I feel like I am going a little crazy here because the more and more I read about these things the less I understand them.
So I understand that an ideal voltage source has no output impedance, no extra resistance in series between itself and the load, ensuring that nothing else will drop the voltage along the way, meaning the load will get the exact voltage listed.
An ideal current source has infinite output impedance, infinite resistance in parallel between itself and the load, ensuring that the load will get every bit of current as listed (no current will get diverted elsewhere).
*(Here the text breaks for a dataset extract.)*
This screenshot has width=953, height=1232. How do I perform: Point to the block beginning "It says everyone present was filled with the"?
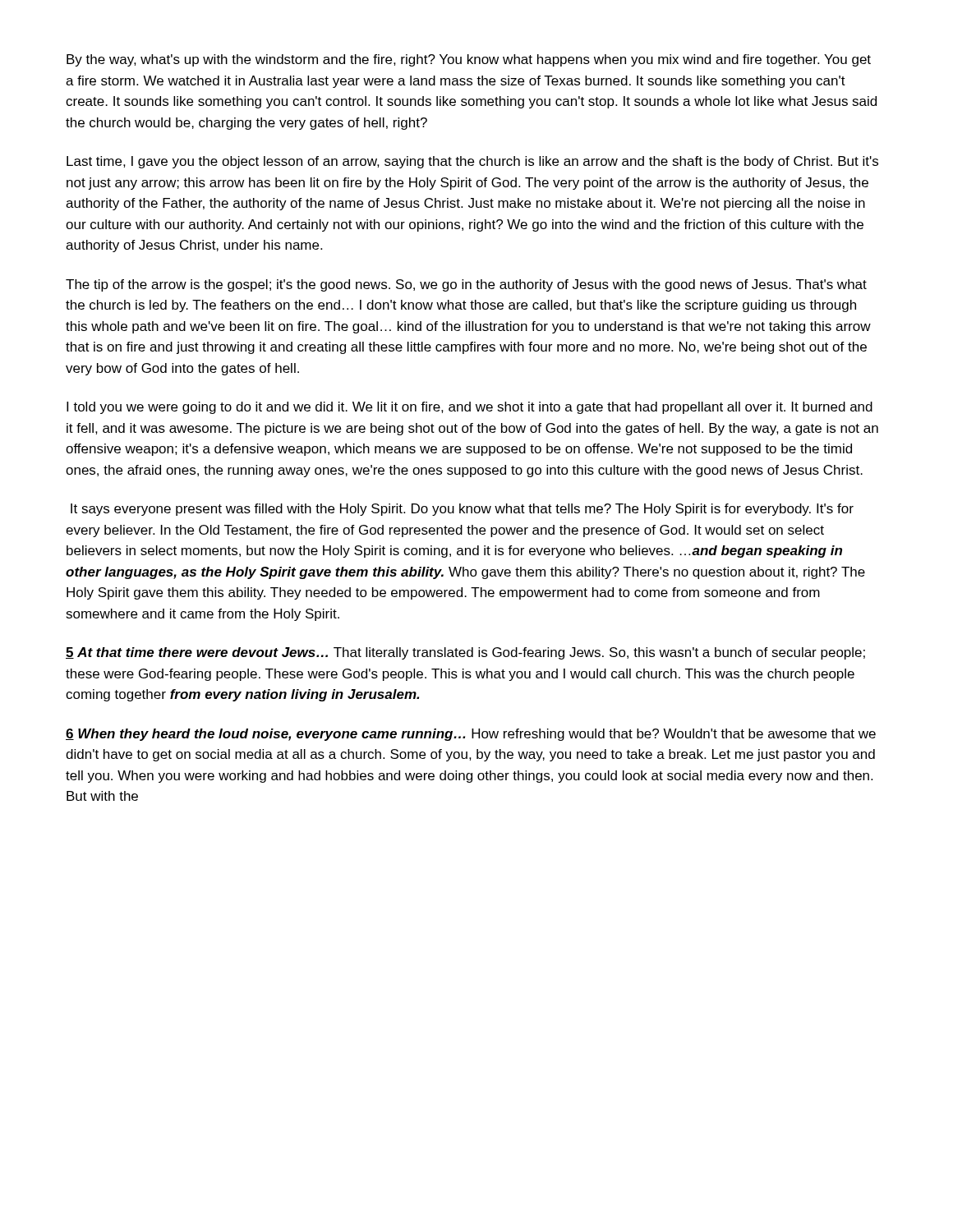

I understand that these "ideal" sources are ideal and don't exist in practice. In reality there is always some resistance. What I don't understand is why then are are able to switch between them, or how we can talk about insensitivity to load changes when Ohm's Law says V = IR, if I have a voltage source, is that not fixed? And then if I add a bigger resistor, doesn't that mean less current must flow in turn? Or for a current source, if I change the resistor, am I not then changing the voltage? And since I am able to change the other variable, why are we then able to swap between them? (by swap/switch I mean replacing voltage with current sources and vice versa)
None of it makes any sense to me because I rarely see examples with numbers to illustrate what's going on and how I am supposed to think about these things. Can anyone please give a few examples showing these "ideal" forms, why they are unrealistic, why we are somehow able to switch between them, and what a "real" example might look like?